How To Train Your Dragon – Ask Cressida!

To celebrate the launch of Cressida Cowell’s new book in the How to Train your Dragon series, we were given an exclusive Q&A session with Cressida!

The ever popular series launches it’s eleventh book “How To Betray A Dragon’s Hero” on the 26th September and is bursting with swash-buckling action, dare devil feats, irreverent humour and Cressida’s own fantastic illustrations.
Cressida will also be making a free virtual author appearance across schools and libraries in “Cressida Cowell Live” at 10:30am GMT talking about Vikings, Dragons, her childhood and everything in between!

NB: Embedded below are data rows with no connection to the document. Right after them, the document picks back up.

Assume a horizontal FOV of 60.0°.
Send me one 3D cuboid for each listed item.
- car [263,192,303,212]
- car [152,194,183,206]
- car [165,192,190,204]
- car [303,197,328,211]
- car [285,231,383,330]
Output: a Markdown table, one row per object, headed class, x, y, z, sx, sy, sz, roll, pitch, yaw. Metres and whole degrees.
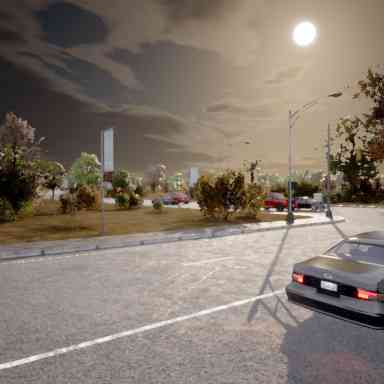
| class | x | y | z | sx | sy | sz | roll | pitch | yaw |
| --- | --- | --- | --- | --- | --- | --- | --- | --- | --- |
| car | 8.752 | 1.058 | 36.284 | 2.150 | 2.045 | 5.566 | -1 | 0 | -37 |
| car | -4.269 | 1.392 | 52.349 | 2.033 | 1.411 | 5.357 | -1 | 0 | -39 |
| car | -2.633 | 1.043 | 55.896 | 2.150 | 2.045 | 5.566 | -1 | 0 | -39 |
| car | 12.631 | 1.302 | 37.022 | 2.128 | 1.511 | 4.902 | -1 | 0 | -39 |
| car | 4.204 | 1.527 | 6.774 | 5.357 | 1.411 | 2.033 | 0 | 0 | -36 |
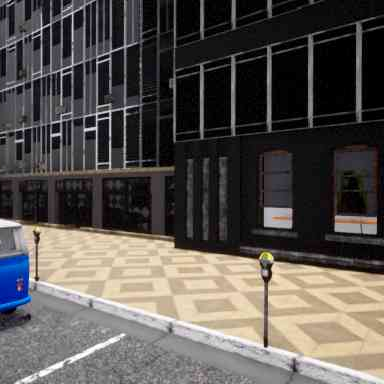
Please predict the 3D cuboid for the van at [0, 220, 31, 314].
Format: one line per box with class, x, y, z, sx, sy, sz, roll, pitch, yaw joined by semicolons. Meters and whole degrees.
van;-4.728;1.340;6.260;3.998;1.788;1.690;0;0;36
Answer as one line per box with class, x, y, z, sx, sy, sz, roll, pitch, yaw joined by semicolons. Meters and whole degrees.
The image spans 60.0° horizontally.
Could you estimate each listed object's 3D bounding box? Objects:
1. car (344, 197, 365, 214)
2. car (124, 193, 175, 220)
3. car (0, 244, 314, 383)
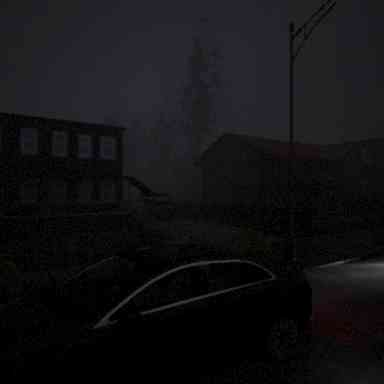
car;13.770;1.165;30.620;1.845;1.501;3.633;0;0;-35
car;-2.965;0.983;21.452;3.866;1.878;1.905;0;0;-35
car;-0.485;1.495;4.232;4.902;1.511;2.128;0;0;-35
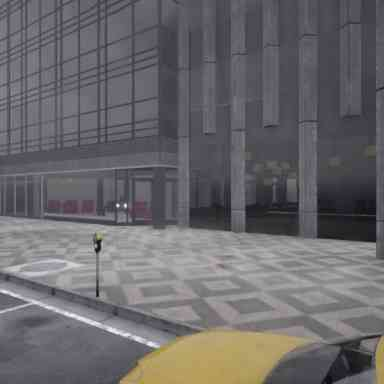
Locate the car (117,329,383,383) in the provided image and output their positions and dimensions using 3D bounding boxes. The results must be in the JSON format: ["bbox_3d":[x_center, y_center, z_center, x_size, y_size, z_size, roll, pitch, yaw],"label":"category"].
[{"bbox_3d":[1.513,1.525,2.002,4.829,1.417,1.752,0,0,36],"label":"car"}]
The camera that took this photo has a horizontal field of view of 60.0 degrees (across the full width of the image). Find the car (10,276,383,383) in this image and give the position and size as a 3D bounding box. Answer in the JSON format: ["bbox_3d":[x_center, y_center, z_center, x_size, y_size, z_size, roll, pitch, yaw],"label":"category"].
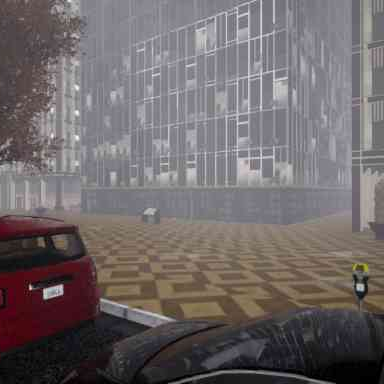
[{"bbox_3d":[0.840,1.566,2.278,4.313,1.339,1.947,0,0,36],"label":"car"}]

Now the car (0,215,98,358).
[{"bbox_3d":[-3.651,1.315,5.493,5.009,1.841,2.192,0,0,36],"label":"car"}]
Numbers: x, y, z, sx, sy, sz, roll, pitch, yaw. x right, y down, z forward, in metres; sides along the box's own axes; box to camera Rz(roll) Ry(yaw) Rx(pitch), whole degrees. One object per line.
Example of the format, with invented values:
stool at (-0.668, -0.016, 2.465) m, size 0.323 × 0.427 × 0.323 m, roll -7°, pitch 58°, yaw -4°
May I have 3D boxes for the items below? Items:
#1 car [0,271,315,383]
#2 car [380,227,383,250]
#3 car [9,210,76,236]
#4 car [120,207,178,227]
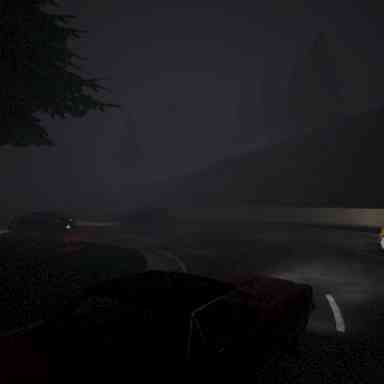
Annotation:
car at (-0.119, 1.664, 4.032) m, size 1.895 × 1.301 × 4.718 m, roll -1°, pitch -1°, yaw 38°
car at (8.353, 1.503, 11.049) m, size 1.882 × 1.535 × 5.008 m, roll 0°, pitch -1°, yaw -2°
car at (-9.824, 1.958, 21.733) m, size 4.892 × 1.490 × 1.837 m, roll -1°, pitch -1°, yaw 26°
car at (-3.473, 1.906, 26.242) m, size 4.902 × 1.511 × 2.128 m, roll -1°, pitch -1°, yaw 28°
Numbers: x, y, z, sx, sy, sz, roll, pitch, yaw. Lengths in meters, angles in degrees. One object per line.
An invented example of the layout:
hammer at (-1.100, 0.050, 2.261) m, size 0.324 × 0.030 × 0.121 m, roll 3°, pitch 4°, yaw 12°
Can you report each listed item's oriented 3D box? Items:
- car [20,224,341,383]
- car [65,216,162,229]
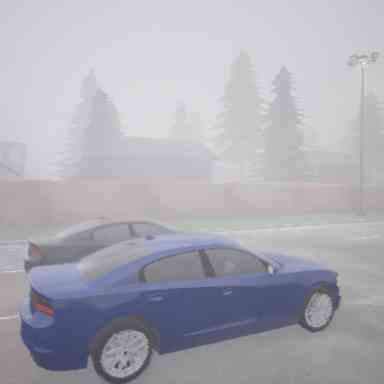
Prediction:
car at (0.117, 1.406, 5.246) m, size 5.008 × 1.535 × 1.882 m, roll 0°, pitch 1°, yaw -26°
car at (-1.440, 1.360, 8.380) m, size 5.008 × 1.535 × 1.882 m, roll 0°, pitch 1°, yaw -26°
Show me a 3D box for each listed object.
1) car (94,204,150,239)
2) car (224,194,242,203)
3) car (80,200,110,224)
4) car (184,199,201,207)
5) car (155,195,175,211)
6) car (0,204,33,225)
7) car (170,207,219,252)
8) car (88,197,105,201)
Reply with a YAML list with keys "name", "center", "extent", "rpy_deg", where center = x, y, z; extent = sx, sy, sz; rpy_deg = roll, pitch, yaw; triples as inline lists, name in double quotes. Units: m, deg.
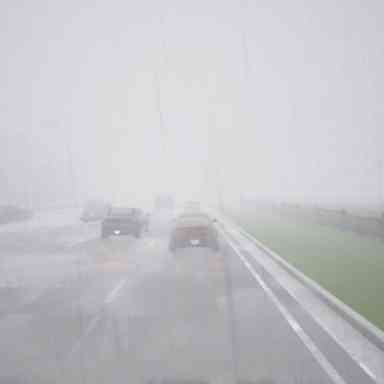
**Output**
- name: "car"
  center: [-3.409, 1.555, 17.543]
  extent: [1.837, 1.490, 4.892]
  rpy_deg: [0, 0, 0]
- name: "car"
  center: [8.884, 1.417, 72.188]
  extent: [3.866, 1.878, 1.905]
  rpy_deg: [0, 0, 0]
- name: "car"
  center: [-6.913, 1.619, 25.493]
  extent: [2.033, 1.411, 5.357]
  rpy_deg: [0, 0, 0]
- name: "car"
  center: [0.080, 1.559, 36.518]
  extent: [1.801, 1.575, 5.366]
  rpy_deg: [0, 0, 0]
- name: "car"
  center: [-3.420, 1.343, 42.727]
  extent: [2.150, 2.045, 5.566]
  rpy_deg: [0, 0, 0]
- name: "car"
  center: [-13.914, 1.617, 24.742]
  extent: [2.033, 1.411, 5.357]
  rpy_deg: [0, 0, 0]
- name: "car"
  center: [0.094, 1.565, 13.900]
  extent: [1.812, 1.442, 4.674]
  rpy_deg: [0, 0, 0]
- name: "car"
  center: [-10.419, 1.455, 36.936]
  extent: [2.097, 1.767, 4.553]
  rpy_deg: [0, 0, 0]
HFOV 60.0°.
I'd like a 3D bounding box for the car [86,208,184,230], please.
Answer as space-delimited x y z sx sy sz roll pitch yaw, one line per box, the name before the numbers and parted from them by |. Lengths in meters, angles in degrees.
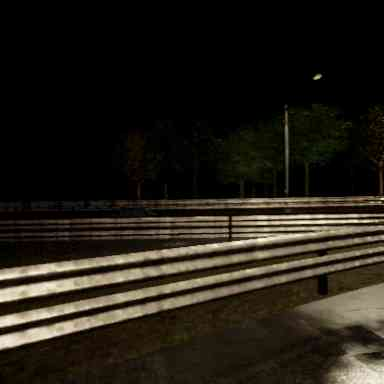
car | -3.150 1.627 18.779 5.357 1.411 2.033 -1 1 -3
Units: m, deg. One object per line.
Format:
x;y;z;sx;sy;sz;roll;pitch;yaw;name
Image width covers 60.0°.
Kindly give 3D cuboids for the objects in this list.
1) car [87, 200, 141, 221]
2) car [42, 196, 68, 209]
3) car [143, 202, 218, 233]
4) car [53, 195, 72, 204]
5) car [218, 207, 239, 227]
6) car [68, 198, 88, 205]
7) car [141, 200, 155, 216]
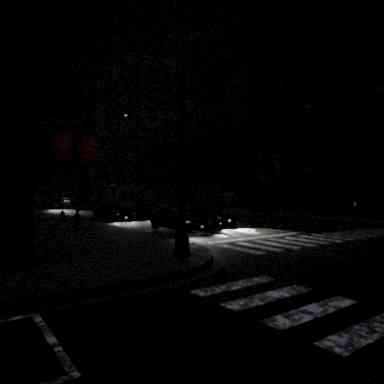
-6.507;1.557;27.345;2.033;1.411;5.357;0;0;-36;car
-18.543;1.470;44.145;2.128;1.511;4.902;0;0;-35;car
-0.816;1.551;19.480;1.812;1.442;4.674;0;0;-36;car
-25.306;1.454;64.906;2.128;1.511;4.902;0;0;-36;car
1.163;1.598;22.258;1.994;1.385;4.181;0;0;-36;car
-19.231;1.584;56.479;1.895;1.301;4.718;0;0;-36;car
-3.914;1.523;29.312;1.837;1.490;4.892;0;1;-36;car
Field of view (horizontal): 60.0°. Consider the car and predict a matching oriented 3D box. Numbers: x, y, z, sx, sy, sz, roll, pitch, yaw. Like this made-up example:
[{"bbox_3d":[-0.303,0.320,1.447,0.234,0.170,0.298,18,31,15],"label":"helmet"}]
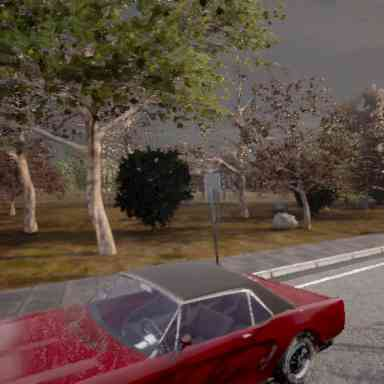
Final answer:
[{"bbox_3d":[-0.393,1.595,3.714,4.718,1.301,1.895,0,0,-36],"label":"car"}]
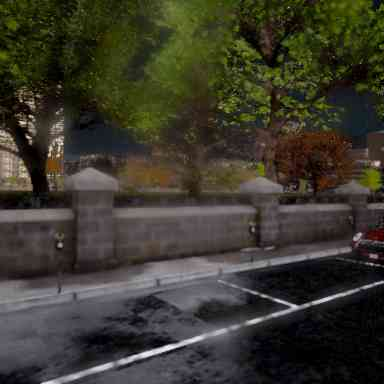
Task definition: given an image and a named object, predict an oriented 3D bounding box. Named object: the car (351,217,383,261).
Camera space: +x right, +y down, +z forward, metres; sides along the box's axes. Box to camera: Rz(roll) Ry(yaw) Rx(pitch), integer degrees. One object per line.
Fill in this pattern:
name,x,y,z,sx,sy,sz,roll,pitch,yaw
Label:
car,7.509,1.577,11.920,4.097,1.590,1.967,1,-1,-36
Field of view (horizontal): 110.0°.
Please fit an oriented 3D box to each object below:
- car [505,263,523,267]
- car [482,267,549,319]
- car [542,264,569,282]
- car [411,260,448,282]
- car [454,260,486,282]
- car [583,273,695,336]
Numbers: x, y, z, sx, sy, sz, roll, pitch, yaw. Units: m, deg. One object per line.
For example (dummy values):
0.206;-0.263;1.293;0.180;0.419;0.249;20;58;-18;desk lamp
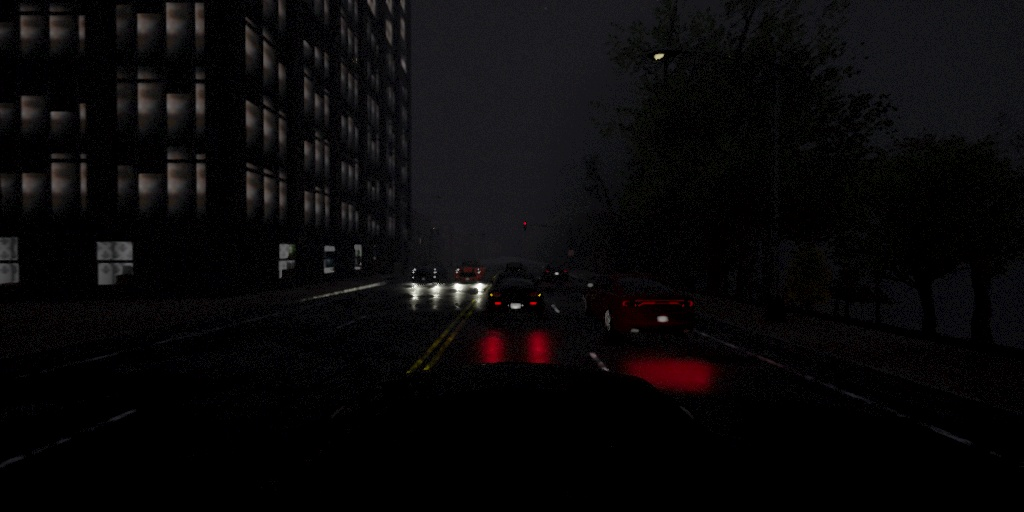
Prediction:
0.165;1.265;29.069;1.837;1.490;4.892;0;0;0;car
0.118;1.279;12.773;1.812;1.442;4.674;0;0;0;car
3.416;1.324;29.279;1.994;1.385;4.181;0;0;0;car
-6.524;1.112;28.690;2.097;1.767;4.553;0;0;0;car
-3.274;1.111;28.657;2.097;1.767;4.553;0;0;0;car
3.357;1.230;10.418;1.882;1.535;5.008;0;0;0;car
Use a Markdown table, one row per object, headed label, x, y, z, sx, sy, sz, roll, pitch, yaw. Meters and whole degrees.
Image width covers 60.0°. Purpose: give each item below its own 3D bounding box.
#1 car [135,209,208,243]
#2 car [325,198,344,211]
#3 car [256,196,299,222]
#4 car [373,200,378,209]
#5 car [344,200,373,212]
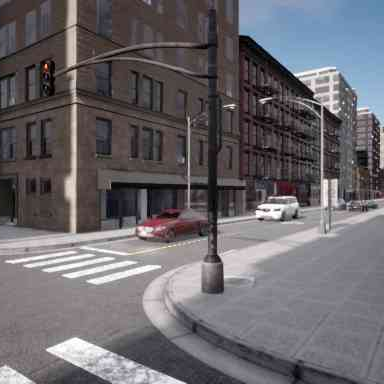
| label | x | y | z | sx | sy | sz | roll | pitch | yaw |
| --- | --- | --- | --- | --- | --- | --- | --- | --- | --- |
| car | -0.817 | 1.617 | 16.910 | 1.812 | 1.442 | 4.674 | 0 | 0 | 36 |
| car | 19.795 | 1.641 | 45.727 | 2.097 | 1.767 | 4.553 | 0 | 0 | 35 |
| car | 7.466 | 1.390 | 28.576 | 2.150 | 2.045 | 5.566 | 0 | 1 | 35 |
| car | 27.785 | 1.905 | 52.034 | 1.994 | 1.385 | 4.181 | 0 | 0 | 35 |
| car | 22.034 | 1.782 | 43.955 | 2.128 | 1.511 | 4.902 | 0 | 0 | 36 |
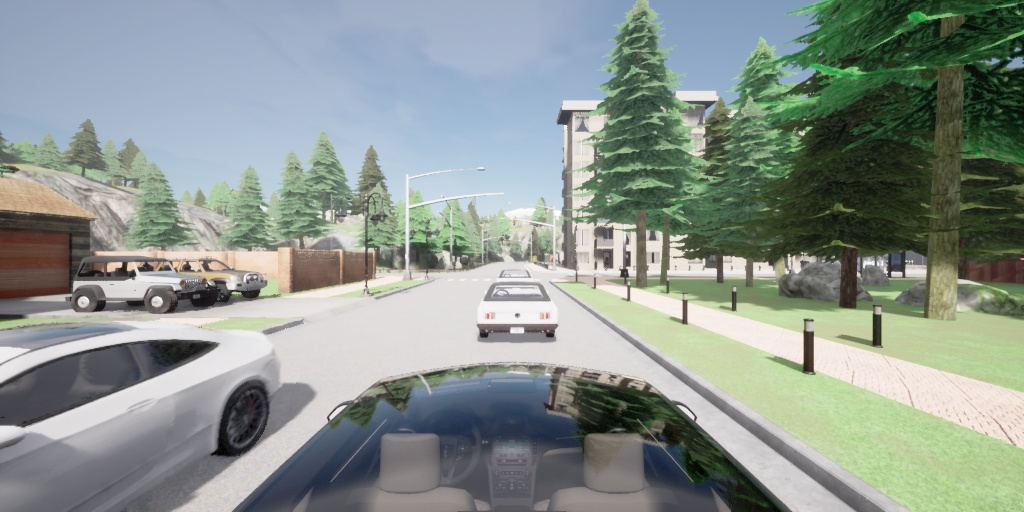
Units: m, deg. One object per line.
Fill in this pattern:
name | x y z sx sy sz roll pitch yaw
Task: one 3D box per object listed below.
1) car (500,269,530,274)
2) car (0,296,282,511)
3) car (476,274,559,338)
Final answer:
car | 0.160 1.351 19.316 1.895 1.301 4.718 0 0 0
car | -3.587 1.276 2.363 1.812 1.442 4.674 0 0 0
car | 0.131 1.351 10.148 1.895 1.301 4.718 0 0 0
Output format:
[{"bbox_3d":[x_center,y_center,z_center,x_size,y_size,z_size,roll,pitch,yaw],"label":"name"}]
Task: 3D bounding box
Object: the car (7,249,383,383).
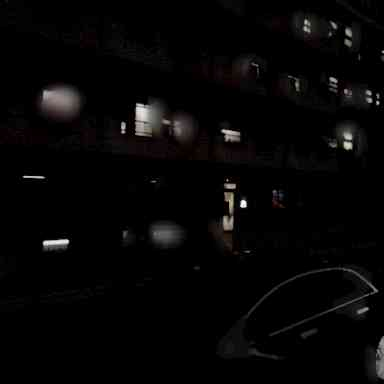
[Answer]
[{"bbox_3d":[0.626,1.523,3.822,4.892,1.490,1.837,0,0,-35],"label":"car"}]

Last week, we asked you if your little one’s had a question for Cressida as LittleBird have been given copies of her brand new book to give away!
We’ve had some fantastic questions asked that we put to Cressida over the weekend and she has come back with some brilliant answers.
See her answers here:

Which is your favourite dragon and why? Jasper from Reading
What’s your favourite dragon? Bethany, 5, London

I hate this question because I love writing ALL the characters.  It is particularly enjoyable writing characters who have characteristics you really wish you had. For instance I would have loved to have been as naughty as Toothless, or to have had Camicazi’s style and cheekiness and swordfighting skills.I love Toothless the most, but I have a soft spot for Stormfly, the Mood-Dragon owned by Camicazi, the Heir to the Bog-Burglar Tribe. Stormfly first appears in book 6. She is a very beautiful Mood-Dragon, a chameleon who changes colour according to her mood.


What inspires you when writing your magical stories? Where does your inspiration come from? How did you come up with the original idea? Amelia, London, aged 8

The ‘How to Train Your Dragon’ books were inspired by the summers I spent as a child on a tiny, uninhabited island off the west coast of Scotland. The island had no roads, houses or electricity, and I used to imagine that there were dragons living in the caves in the cliffs. By the time I was eight, my family had built a small stone house on the island and from then on, every year we spent four weeks of the summer and two weeks of the spring on the island. The house was lit by candle-light, and there was no telephone or television, so I spent a lot of time drawing and writing stories. In the evening, my father told us tales of the Vikings who invaded this island Archipelago twelve hundred years before, of the quarrelsome Tribes who fought and tricked each other, and of the legends of dragons who were supposed to live in the caves in the cliffs.

A lot of the characters are inspired by real people in my life. For instance, my own daughters gave me the idea for Camicazi. They’re not as good at sword-fighting as Camicazi, but they’re every bit as chatty.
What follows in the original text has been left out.